All of these “decisive” arguments can be extending as “voting issues” or can be used to weigh arguments in Summary and Final Focus. Of course, if you want to use them in the later speeches, you should set them up in the constructive speeches.

And since the resolution is comparative, arguably your speech should only have comparative arguments. General arguments about the Pros and Cons of each doesn’t establish any comparison.

Moving Forward With Debate 1

The second most common type of debate you will have is over the question of the benefits of reducing the debt outweigh the benefits of economic growth (yes, what the resolution says J). Unlike Debate 3, however, the Pro will offer non-growth reasons for reducing the debt and argue economic growth is bad

What are some non-growth reasons for reducing the debt?

Military spending. High debt levels could eventually (Trump and Congress just increased military spending by $100 billion) make it impossible to sustain current military spending levels, threatening global leadership.   High oversees borrowing (the US borrows from China and Saudi Arabia, for example) could increase the strength of their currencies relative to the Dollar, further threatening US leadership.

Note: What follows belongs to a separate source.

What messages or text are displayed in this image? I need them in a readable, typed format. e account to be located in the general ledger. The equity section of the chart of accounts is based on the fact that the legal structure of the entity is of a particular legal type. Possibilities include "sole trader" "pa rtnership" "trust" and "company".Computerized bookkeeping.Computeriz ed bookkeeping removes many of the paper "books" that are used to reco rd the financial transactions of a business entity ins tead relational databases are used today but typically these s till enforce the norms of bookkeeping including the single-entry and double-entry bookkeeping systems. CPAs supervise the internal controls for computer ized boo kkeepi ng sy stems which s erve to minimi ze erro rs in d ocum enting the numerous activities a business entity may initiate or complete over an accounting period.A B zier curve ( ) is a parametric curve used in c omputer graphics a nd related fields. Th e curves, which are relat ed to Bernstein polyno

High debt levels also give China leverage over the US, which it could exploit in a crisis. Such leverage threatens US national security.

Dangerous levels of debt leverage also increase transition war risks.

Heath care. High debt levels undermine government spending on health care and threaten private investment in health care.

The reason that high debt levels threatens these programs as that as the debt increases the interest paid on the debt increases. As the interest payments increase, less money is available to spend on other programs.

What are some reasons economic growth is bad?

These will be tackled in more detail in a future essay, but here are some reasons economic growth is bad

  • Spreads disease.
  • Enables militarization and war
  • Increases resource consumption, hurting the environment
  • Increases energy use, causing climate change

Defensively, there is good evidence that rising debt levels do not threaten national security and that China would not weaponize because it would hurt its own economy.

There is also evidence that health insurance does not improve health outcomes.   Second source

And if the federal government cuts education spending, the states can fill in. .

In terms of impact turns, there is good evidence that high debt levels actually reduce war risks by making conflict unaffordable.

Kyu Young Lee 17. The University of Iowa. 2017. Political Clout of Government Bondholders: How Government Bondholders Expect and Affect States’ Conflictual Behaviors. The University of Iowa.

Matthew DiGiuseppe 15. University of Mississippi. 07/2015. “The Fiscal Autonomy of Deciders: Creditworthiness and Conflict Initiation.” Foreign Policy Analysis, vol. 11, no. 3, pp. 317–338.

Patrick E. Shea 16. University of Houston. 05/26/2016. “Borrowing Trouble: Sovereign Credit, Military Regimes, and Conflict.” International Interactions, vol. 42, no. 3, pp. 401–428.

Paul Krugman argues that debt is likely to stop risky financial behavior that could cause an economic crash.

Benefits of economic growth include disease prevention, reducing war risks, and slowing climate change.

Moving Forward With Debate 3

The only difference between Debate 3 and the other two debates is that Debate 3 argues that the two goals should be treated equally. Since we have thoroughly reviewed the arguments on both sides, I think you can figure out that debate.